Wissenschaftler enthüllen umfassende Proteom-Karte von menschlichen Lungen-Adenokarzinom

2020-07-09

Ein team von chinesischen Wissenschaftlern der State Key Laboratory of Drug Research, Shanghai Institute of Materia Medica unter der chinesischen Akademie der Wissenschaften, zusammen mit multi-institutionellen Mitarbeiter, hat kürzlich eine umfassende Proteom-Analyse basierend auf 103 chinesischen Patienten mit Lungen-Adenokarzinom (LUAD), eine führende Todesursache unter allen Krebsarten weltweit.

Die Untersuchung ergab LUAD-bezogenen molekularen Eigenschaften, Ihrer Assoziation mit klinischen Ergebnissen, mögliche prognostische Biomarker und drug targets. Diese Studie wurde online veröffentlicht in Zell – am 9. Juli.

Trotz bemerkenswerter Fortschritte in der Genom-Studie von LUAD in den letzten Jahren ein großer Prozentsatz der LUAD Patienten immer noch fehlt, ist die gezielte therapeutische Strategien. Da Proteine sind die direkten Vollstrecker von biologischen Aktivitäten, eine umfassende Proteom-Studie von LUAD, füllt die Wissenslücke zwischen genomische Abnormalität und onkogenen protein-Funktion.
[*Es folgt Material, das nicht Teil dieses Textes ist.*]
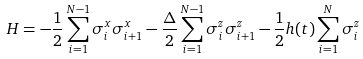Convert formula to latex. <formula><loc_0><loc_0><loc_500><loc_500>H = - \frac { 1 } { 2 } \sum _ { i = 1 } ^ { N - 1 } \sigma ^ { x } _ { i } \sigma ^ { x } _ { i + 1 } - \frac { \Delta } { 2 } \sum _ { i = 1 } ^ { N - 1 } \sigma ^ { z } _ { i } \sigma ^ { z } _ { i + 1 } - \frac { 1 } { 2 } h ( t ) \sum _ { i = 1 } ^ { N } \sigma ^ { z } _ { i }</formula> 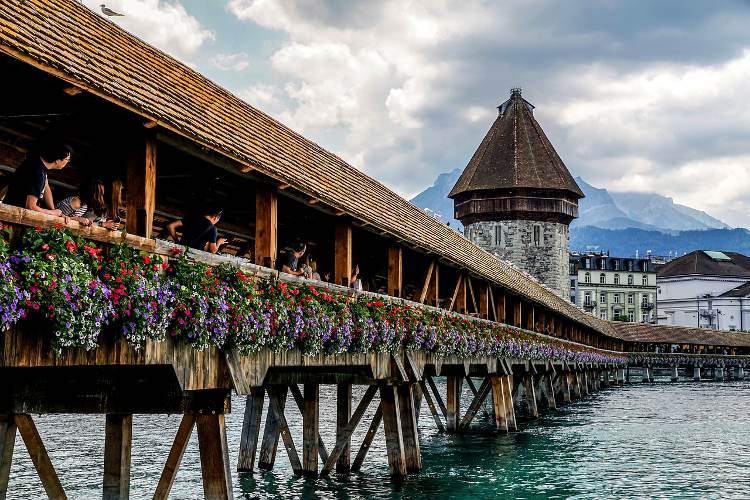What do you think is going on in this snapshot? This snapshot beautifully depicts the historic Chapel Bridge in Lucerne, Switzerland, renowned for being one of the oldest wooden bridges in Europe. The bridge, adorned with vibrant flowers, spans the Reuss River, with its architectural glory highlighted by the famous Water Tower which once served as part of the city's defenses. The bustling activity visible on the bridge indicates its popularity as a tourist attraction, while the Alps provide a breathtaking backdrop, signifying the bridge's melding of natural and cultural heritage. 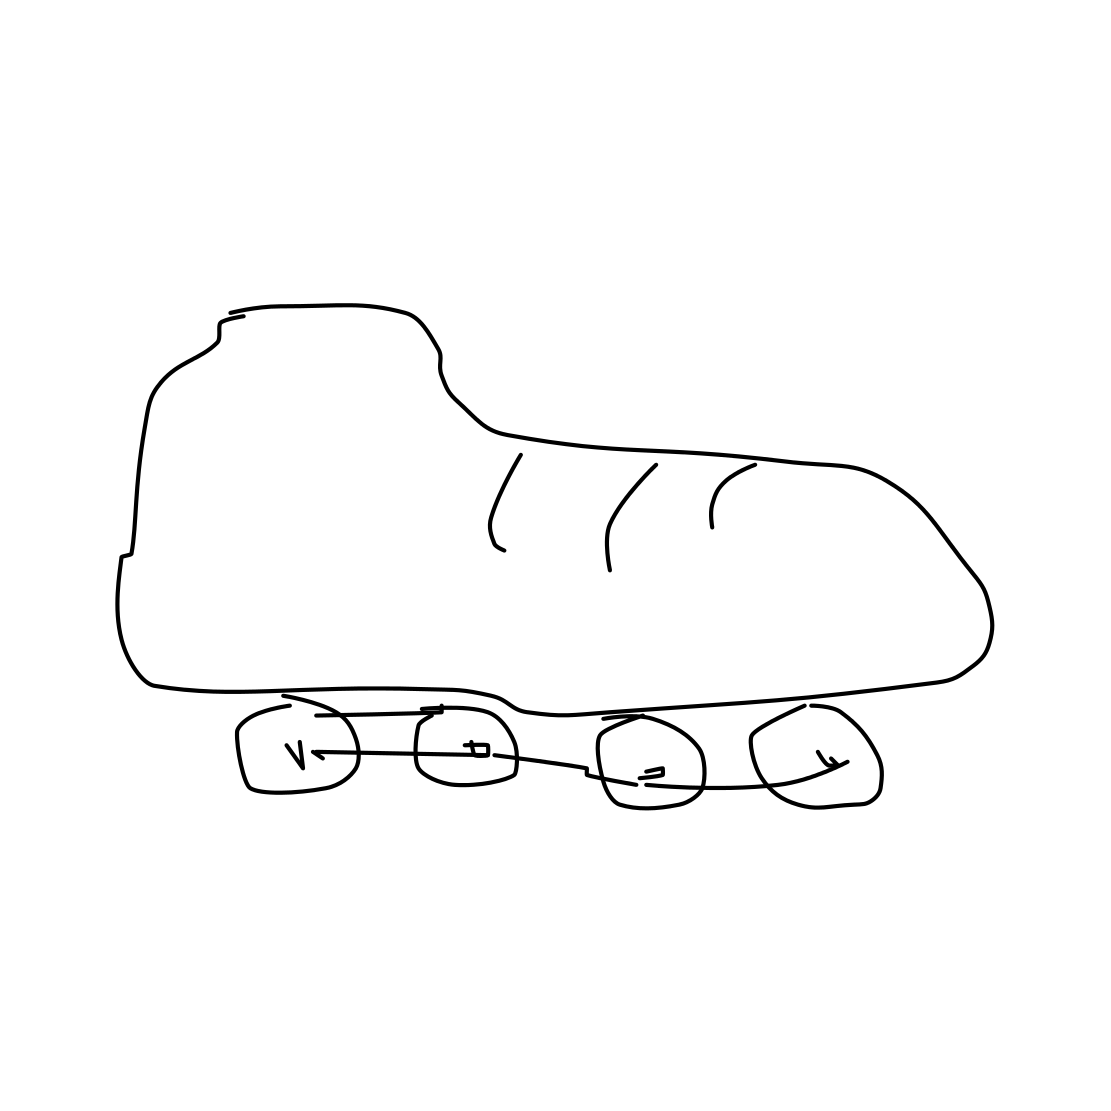Is there a sketchy rollerblades in the picture? Yes 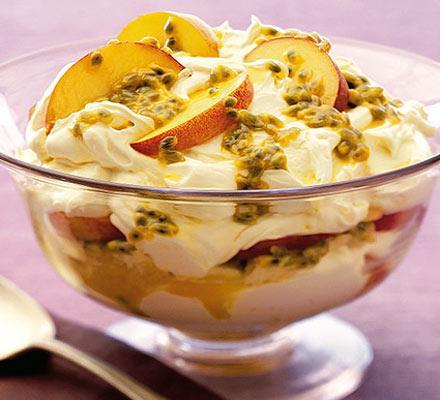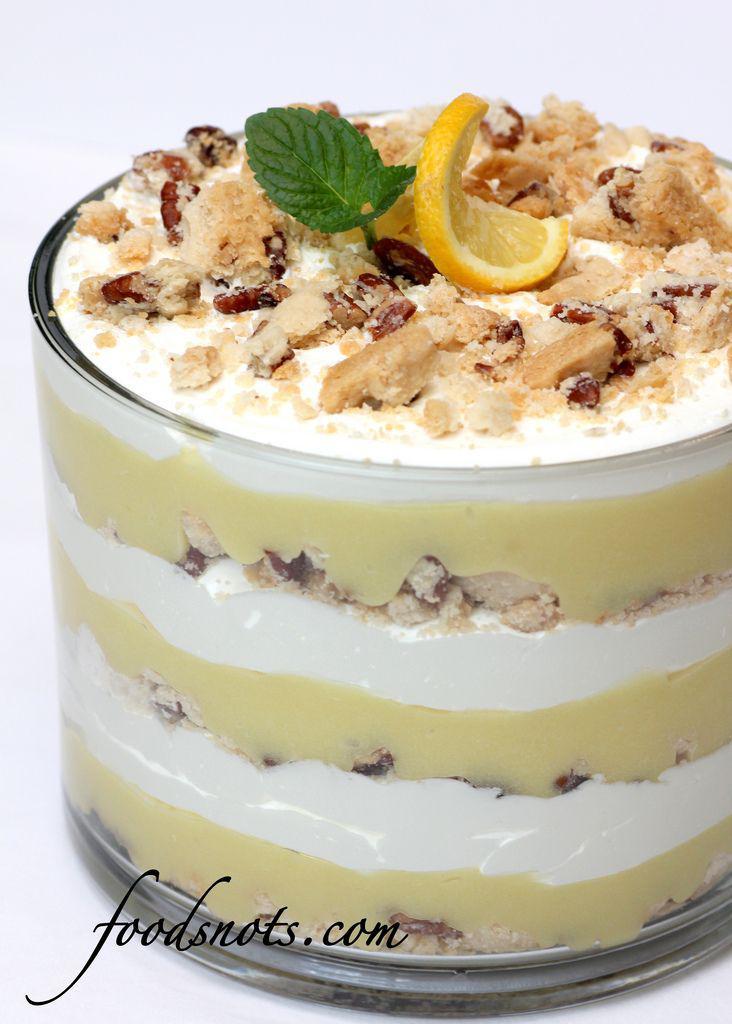The first image is the image on the left, the second image is the image on the right. Given the left and right images, does the statement "Two large multi-layered desserts have been prepared in clear glass footed bowls" hold true? Answer yes or no. No.

Um ein umfassendes Verständnis der molekularen Landschaft LUAD und bieten die Möglichkeit für eine präzisere Diagnose und Behandlung von LUAD, Wissenschaftler in diese Studie integriert, Proteom-und phosphoproteomic Analysen der tumor-Geweben und deren gepaart noncancerous den angrenzenden Geweben von 103 LUAD Patienten. Insgesamt 11,119 Proteine und 22,564 Phosphorylierung Websites identifiziert wurden. Die Kombination dieser Proteomik-Daten mit den klinischen Informationen und Genomik Daten, eine umfassende molekulare Landschaft LUAD erhalten wurde.

Die Wissenschaftler entdeckten, dass die epitheliale-mesenchymale transition, sowie entzündliche und Onkogene Signalwege, wahrscheinlich führte zu der schlechten Prognose im Stadium I LUAD. Sie etablierte verbindungen zwischen genetischen Veränderungen und Proteom-Merkmale bei Patienten mit mutation von EGFR oder TP53 -, zwei vorherrschende Treiber-Gene in der chinesischen LUAD Patienten.

Erhöhte expression von zwei histologische Marker, TTF-1 und Napsin-A, und-Proteine in spliceosomes beobachtet wurden, bei Patienten mit EGFR-mutation. Bei den Patienten mit TP53-mutation, mehrere Onkogene Signalwege, einschließlich DNA-Replikation und-mismatch-Reparatur, verändert wurden spürbar.

Die Forscher klassifiziert alle Patienten, die in drei Proteom-Subtypen (S-I, S-II, S-III), die jeweils unterschiedliche molekulare Eigenschaften und klinische Merkmale. Umfassende bioinformatische Analyse zeigte, dass die S-I-Patienten wurden im Zusammenhang mit einer zellulären Umgebung und eine gute Prognose. Im Gegensatz, S-III-Patienten wurden im Zusammenhang mit der Zellproliferation und der Proteom-Stabilität und eine schlechte Prognose. Die phosphoproteomic Analyse weiter ergab aktiviert Signalwege und Kinasen in verschiedenen Proteom-Subtypen. Die integrative Analyse von Proteomik-Daten und klinischen Daten weiter ergab 27 potentiellen plasma-Biomarkern und mehrere Angriffspunkte für LUAD. HSP 90β, eine der potentiellen Biomarker, wurde weiter validiert in einer unabhängigen Kohorte.